No time for fear, just for love
The sky the deepest red
The sun the bleakest black
Each second's ours to share
So make them last
Now welcome dear apocalypse!
We dance in raining stars...
- Lord of the Lost, Raining Stars. It's about seeking beauty in the face of death: when you can't stop the sky from falling, you might as well enjoy the show. I've never been sure whether the "dear" refers to the listener or the apocalypse; maybe both.

It never happened, and yet it is true!
- Neil Gaiman's "Sandman". (May not be accurate, quoting from memory.) The idea that even when the events of a story are fictional, it can contain deeper truths. Probably influenced by Chesterton's comment about fairy tales.

In a similar vein:
HUMANS NEED FANTASY TO BE HUMAN. TO BE THE PLACE WHERE THE FALLING ANGEL MEETS THE RISING APE.

"Tooth fairies? Hogfathers? Little—"

YES. AS PRACTICE. YOU HAVE TO START OUT LEARNING TO BELIEVE THE LITTLE LIES.

"So we can believe the big ones?"

YES. JUSTICE. MERCY. DUTY. THAT SORT OF THING.

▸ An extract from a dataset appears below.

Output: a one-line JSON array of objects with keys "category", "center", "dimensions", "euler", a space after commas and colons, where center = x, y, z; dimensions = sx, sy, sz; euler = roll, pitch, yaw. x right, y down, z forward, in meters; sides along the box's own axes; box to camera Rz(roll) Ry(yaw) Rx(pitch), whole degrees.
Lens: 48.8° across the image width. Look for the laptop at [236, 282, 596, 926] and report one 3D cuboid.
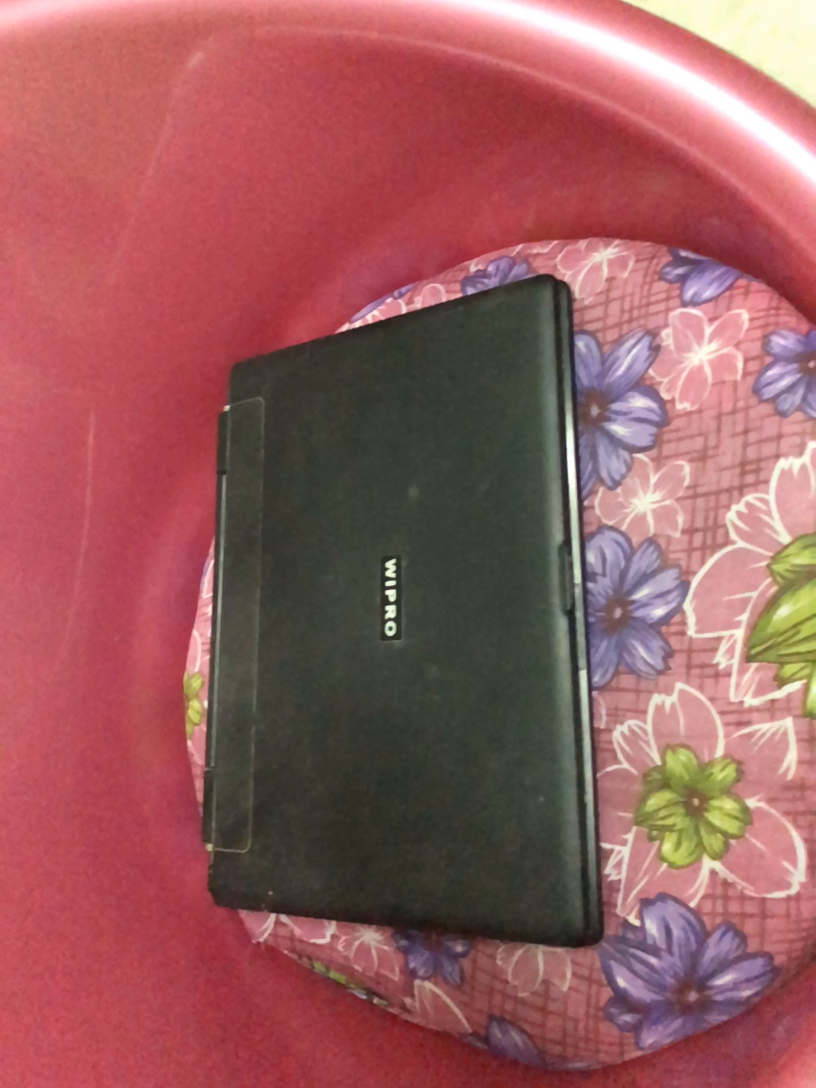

"They're not the same at all!"

YOU THINK SO? THEN TAKE THE UNIVERSE AND GRIND IT DOWN TO THE FINEST POWDER AND SIEVE IT THROUGH THE FINEST SIEVE AND THEN SHOW ME ONE ATOM OF JUSTICE, ONE MOLECULE OF MERCY. AND YET—Death waved a hand. AND YET YOU ACT AS IF THERE IS SOME IDEAL ORDER IN THE WORLD, AS IF THERE IS SOME...SOME RIGHTNESS IN THE UNIVERSE BY WHICH IT MAY BE JUDGED.

"Yes, but people have got to believe that, or what's the point—"

MY POINT EXACTLY.
- Terry Pratchett, "Hogfather".
 
Anybody else have quotes from songs, or poems, or stories that they find amusing or wise in a similar way?
"Two men say they're Jesus, one of 'em must be wrong"

"Marryin' money is a full time job, I don't need the aggravation, I'm a lazy slob."
 
Anybody else have quotes from songs, or poems, or stories that they find amusing or wise in a similar way?

"I believe I've passed the age
of consciousness and righteous rage,
I found that just surviving was a noble fight.
I once believed in causes too,
I had my pointless point of view,
And life went on no matter who was wrong or right..."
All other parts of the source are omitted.